Below are two real-world examples to help illustrate the concept of concentration gradient.

Example 1: Imagine being inside a room with a friend but on opposite sides of the room. Your friend opens a bottle of perfume on their side of the room and sprays it in order to see how it smells. Just after spraying the perfume, your friend can smell the perfume and asks what you think, but you cannot smell the perfume from where you are. This is a concentration gradient—the perfume molecules are at a greater concentration on your friend’s side of the room and a lesser concentration on your side of the room. Over time, the molecules will diffuse throughout the room to be equally spread out. At that point, you will be able to smell the perfume.

Example 2: A spoonful of sugar is placed in a cup of tea. Eventually, the sugar will diffuse throughout the tea until no concentration gradient remains.

In both cases, if the room is warmer or the tea hotter, diffusion will occur even faster as the molecules are bumping into each other and spreading out faster than at cooler temperatures. Having an internal body temperature of around 98.6° F thus also aids in diffusion of particles within the body.

Whenever a substance exists in greater concentration on one side of a semipermeable membrane, such as the cell membranes, any substance that can move down its concentration gradient across the membrane will do so. Consider substances that can easily diffuse through the lipid bilayer of the cell membrane, such as the gasses oxygen (O₂) and carbon dioxide (CO₂). O₂ generally diffuses into cells because it is more concentrated outside of them, and CO₂ typically diffuses out of cells because it is more concentrated inside of them. Both gasses travel through the phospholipid bilayer from the side with a higher concentration to a side with a lesser concentration without the use of proteins or energy to do so. Therefore, they use a form of passive transport called simple diffusion to move across the membrane.
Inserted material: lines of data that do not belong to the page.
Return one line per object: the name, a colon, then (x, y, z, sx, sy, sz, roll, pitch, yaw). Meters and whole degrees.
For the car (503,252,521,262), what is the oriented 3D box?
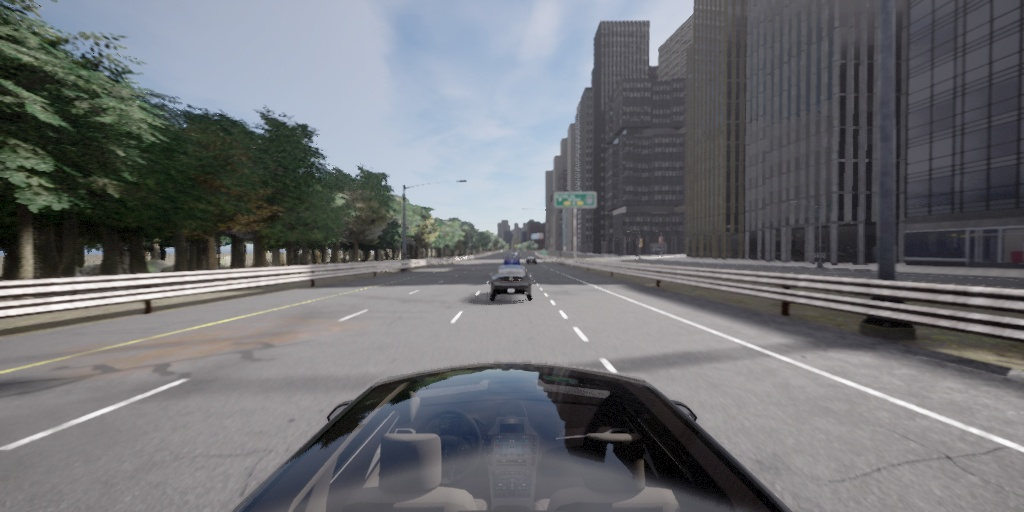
car: (0.011, 0.776, 47.673, 2.150, 2.045, 5.566, 0, 0, 0)

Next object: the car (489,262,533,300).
car: (-0.039, 1.206, 17.456, 1.837, 1.490, 4.892, 0, 0, 0)
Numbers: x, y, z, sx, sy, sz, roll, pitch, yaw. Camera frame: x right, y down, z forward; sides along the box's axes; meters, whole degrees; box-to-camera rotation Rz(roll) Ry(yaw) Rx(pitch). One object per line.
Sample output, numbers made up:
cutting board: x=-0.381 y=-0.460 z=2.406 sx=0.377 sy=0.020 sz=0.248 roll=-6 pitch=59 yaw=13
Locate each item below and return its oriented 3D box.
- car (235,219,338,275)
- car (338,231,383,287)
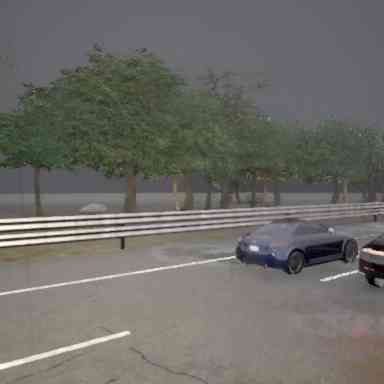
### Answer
car: x=3.366 y=1.536 z=10.443 sx=4.181 sy=1.385 sz=1.994 roll=0 pitch=0 yaw=-36
car: x=5.927 y=1.461 z=7.971 sx=4.902 sy=1.511 sz=2.128 roll=0 pitch=0 yaw=-35
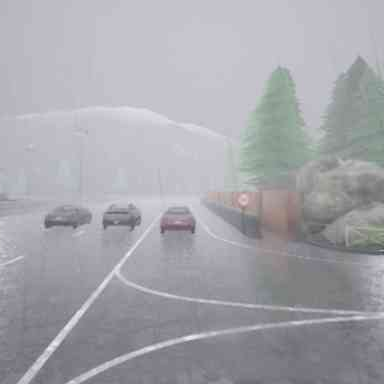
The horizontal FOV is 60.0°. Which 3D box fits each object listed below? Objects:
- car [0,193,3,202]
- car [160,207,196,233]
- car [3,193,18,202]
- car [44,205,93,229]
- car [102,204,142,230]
[{"bbox_3d":[-30.028,0.881,51.125,2.097,1.767,4.553,1,0,-2],"label":"car"},{"bbox_3d":[-0.798,1.573,19.738,1.994,1.385,4.181,1,0,-1],"label":"car"},{"bbox_3d":[-26.529,1.007,51.198,1.895,1.301,4.718,1,0,-2],"label":"car"},{"bbox_3d":[-7.778,1.499,21.276,1.994,1.385,4.181,1,0,-2],"label":"car"},{"bbox_3d":[-4.257,1.464,20.749,2.128,1.511,4.902,1,0,-2],"label":"car"}]
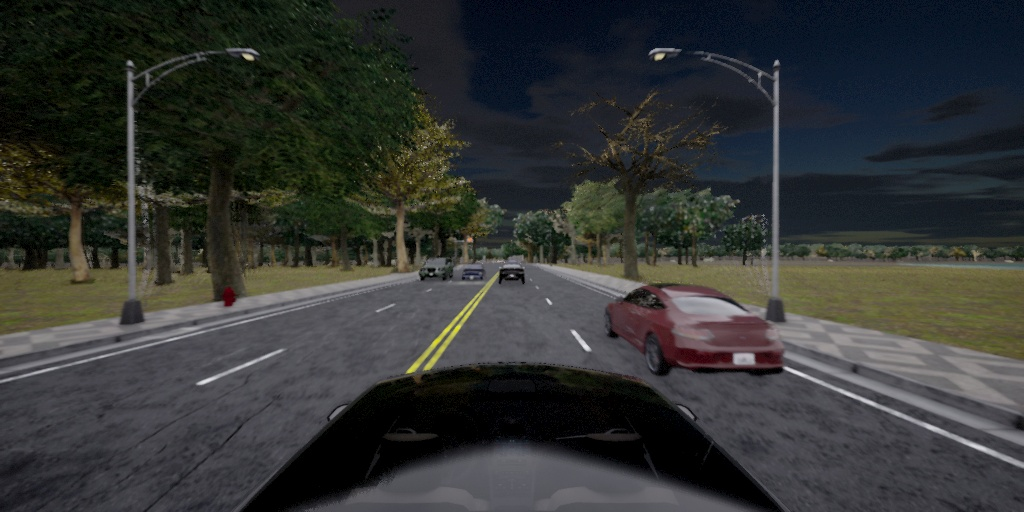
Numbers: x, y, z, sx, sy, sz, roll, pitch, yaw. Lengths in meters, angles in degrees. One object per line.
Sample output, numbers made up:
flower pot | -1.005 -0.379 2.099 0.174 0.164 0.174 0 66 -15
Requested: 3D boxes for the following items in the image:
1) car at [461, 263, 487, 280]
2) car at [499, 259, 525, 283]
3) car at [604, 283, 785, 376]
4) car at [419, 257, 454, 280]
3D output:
car | -3.257 1.362 31.651 2.033 1.411 5.357 0 0 0
car | -0.013 1.262 28.199 1.882 1.535 5.008 0 0 0
car | 3.248 1.276 7.321 1.812 1.442 4.674 0 0 0
car | -6.507 1.122 31.619 2.150 2.045 5.566 0 0 0
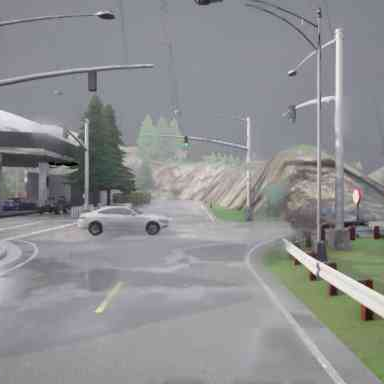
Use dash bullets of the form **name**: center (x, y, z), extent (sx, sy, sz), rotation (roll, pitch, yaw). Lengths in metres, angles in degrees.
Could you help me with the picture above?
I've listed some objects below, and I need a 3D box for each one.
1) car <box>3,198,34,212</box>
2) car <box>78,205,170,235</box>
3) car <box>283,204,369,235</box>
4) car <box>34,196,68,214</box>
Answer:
- **car**: center (-20.294, 1.508, 39.453), extent (2.242, 1.667, 4.611), rotation (0, 0, -1)
- **car**: center (-3.509, 1.427, 17.349), extent (4.674, 1.442, 1.812), rotation (0, 0, -1)
- **car**: center (6.819, 1.370, 17.607), extent (2.033, 1.411, 5.357), rotation (0, 0, -12)
- **car**: center (-14.580, 1.338, 35.184), extent (1.905, 1.878, 3.866), rotation (0, 0, -1)
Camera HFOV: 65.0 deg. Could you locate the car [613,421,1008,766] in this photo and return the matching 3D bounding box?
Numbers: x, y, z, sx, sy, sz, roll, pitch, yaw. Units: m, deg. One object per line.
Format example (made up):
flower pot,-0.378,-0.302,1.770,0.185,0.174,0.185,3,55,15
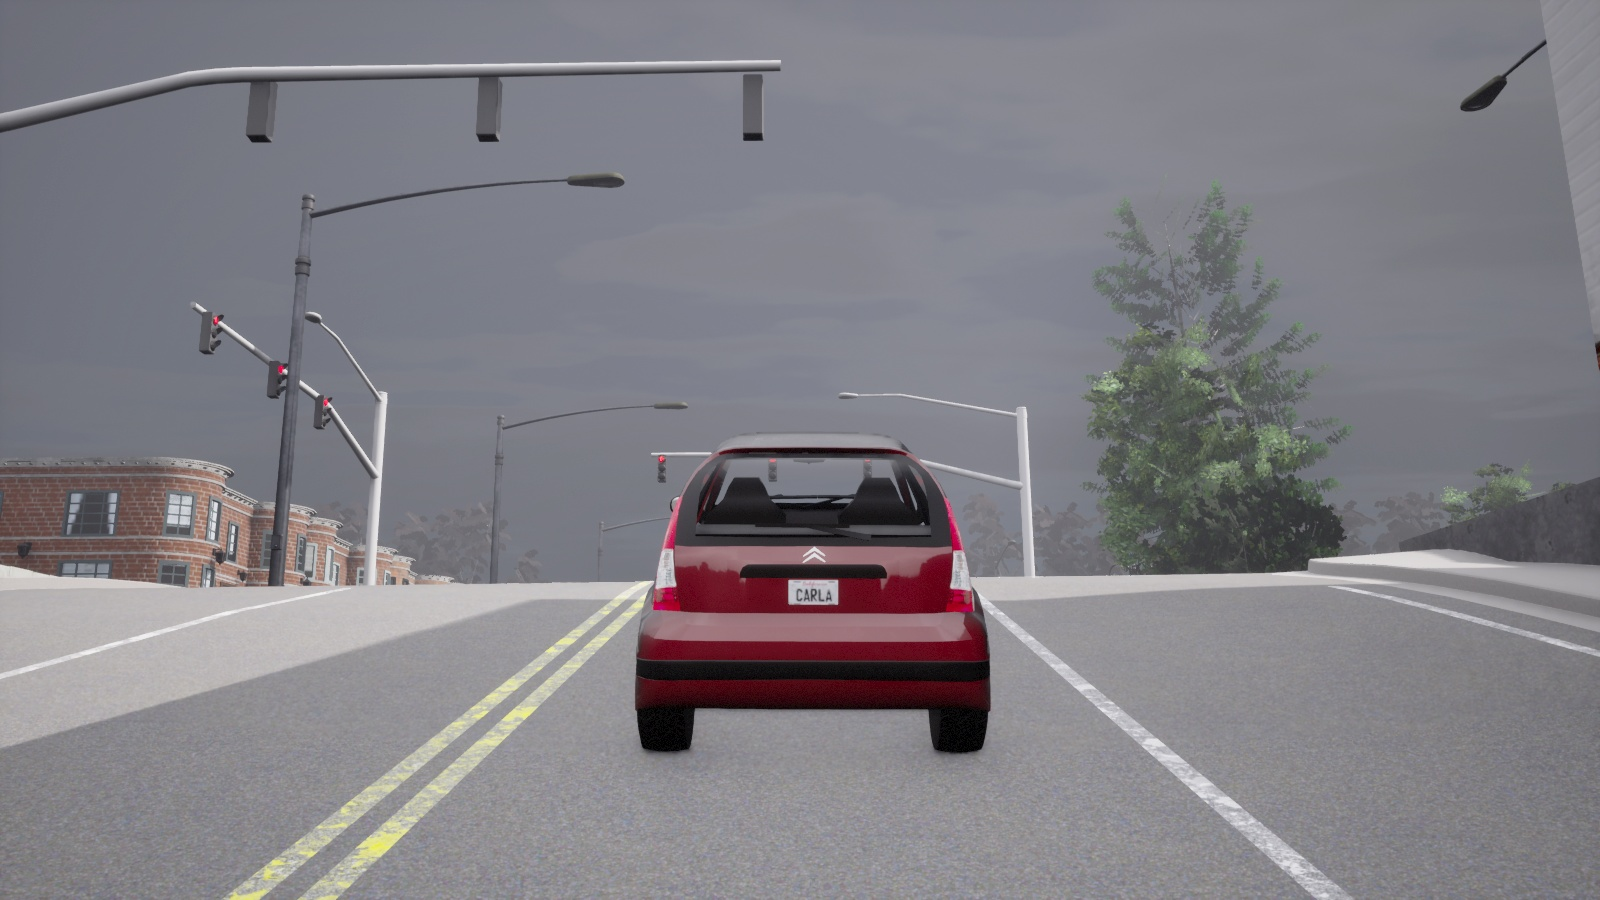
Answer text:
car,0.051,0.677,7.902,1.851,1.617,3.988,0,0,0
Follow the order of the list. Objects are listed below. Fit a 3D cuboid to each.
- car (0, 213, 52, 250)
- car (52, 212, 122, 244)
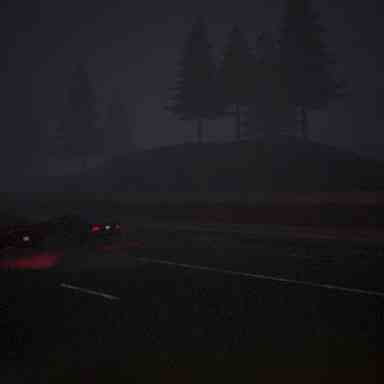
[{"bbox_3d":[-8.290,1.623,13.989,5.008,1.535,1.882,0,0,35],"label":"car"},{"bbox_3d":[-5.898,1.689,16.585,5.357,1.411,2.033,-1,0,35],"label":"car"}]
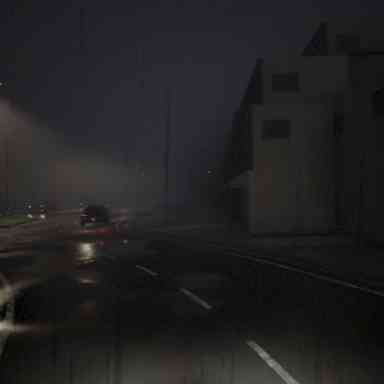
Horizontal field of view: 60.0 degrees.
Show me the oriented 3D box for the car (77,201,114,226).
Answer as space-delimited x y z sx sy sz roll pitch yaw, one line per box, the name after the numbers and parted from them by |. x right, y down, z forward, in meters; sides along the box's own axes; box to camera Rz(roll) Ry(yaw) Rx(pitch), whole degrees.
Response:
-7.285 1.733 25.486 1.812 1.442 4.674 -2 0 -9 | car

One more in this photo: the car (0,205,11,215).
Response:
-23.427 2.195 39.268 1.994 1.385 4.181 -1 0 7 | car

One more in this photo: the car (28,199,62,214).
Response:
-19.535 1.888 43.841 2.097 1.767 4.553 -1 0 4 | car

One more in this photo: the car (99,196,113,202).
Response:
-21.140 1.723 81.708 1.837 1.490 4.892 -1 0 3 | car

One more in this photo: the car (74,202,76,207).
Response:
-21.850 2.091 66.497 1.882 1.535 5.008 -1 0 3 | car

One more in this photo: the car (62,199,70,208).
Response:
-22.371 1.969 55.787 2.097 1.767 4.553 -1 0 3 | car

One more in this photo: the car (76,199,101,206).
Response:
-18.649 2.033 60.171 1.837 1.490 4.892 -1 0 3 | car

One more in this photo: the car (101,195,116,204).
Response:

Very small polar molecules, such as water, can cross via simple diffusion due to their small size. Large polar or ionic molecules, which are hydrophilic, cannot easily cross the phospholipid bilayer. Charged atoms or molecules of any size cannot cross the cell membrane via simple diffusion as the charges are repelled by the hydrophobic tails in the interior of the phospholipid bilayer. Solutes dissolved in water on either side of the cell membrane will tend to diffuse down their concentration gradients, but because most substances cannot pass freely through the cell membrane, their movement is restricted to membrane proteins that facilitate their transport across the membrane. Facilitated diffusion is a form of passive membrane transport used for substances that cannot cross the lipid bilayer on their own due to their size, charge, and/or polarity and require a transmembrane protein to facilitate their movement down their concentration gradient. Channel proteins are transmembrane proteins that create a channel or pore that is typically open at all times, allowing certain molecules to pass through the membrane down their concentration gradient. Carrier proteins are transmembrane proteins that are only open on one side of the membrane at a time and must “carry” their specific molecules across the membrane. Once the molecule is bound to the carrier protein, it will change shape and allow the molecule to exit on the opposite side of the membrane as shown in the image below.

EXAMPLE

A common example of facilitated diffusion is the movement of glucose into the cell, where it is used to make ATP. Although glucose can be more concentrated outside of a cell, it cannot cross the lipid bilayer via simple diffusion because it is both large and polar. To resolve this, a specialized carrier protein called the glucose transporter will transfer glucose molecules into the cell to facilitate its inward diffusion.

EXAMPLE

As another example, even though sodium ions (Na⁺) are highly concentrated outside of cells, these electrolytes are charged and cannot pass through the nonpolar lipid bilayer of the membrane. Their diffusion is facilitated by membrane proteins that form sodium channels (or “pores”) so that Na⁺ ions can move down their concentration gradient from outside the cells to inside the cells. There are many other solutes that must undergo facilitated diffusion to move into a cell, such as amino acids, or to move out of a cell, such as wastes. Because facilitated diffusion is a passive process, it does not require energy expenditure by the cell. It does, however, require channel or carrier proteins to be available and open. Recall that the cell membrane is selectively permeable. If the proper transport protein is not available or not open, then no matter how strong the concentration gradient is, that solute will be unable to pass through.

watch

Please watch the following video for more information on this topic.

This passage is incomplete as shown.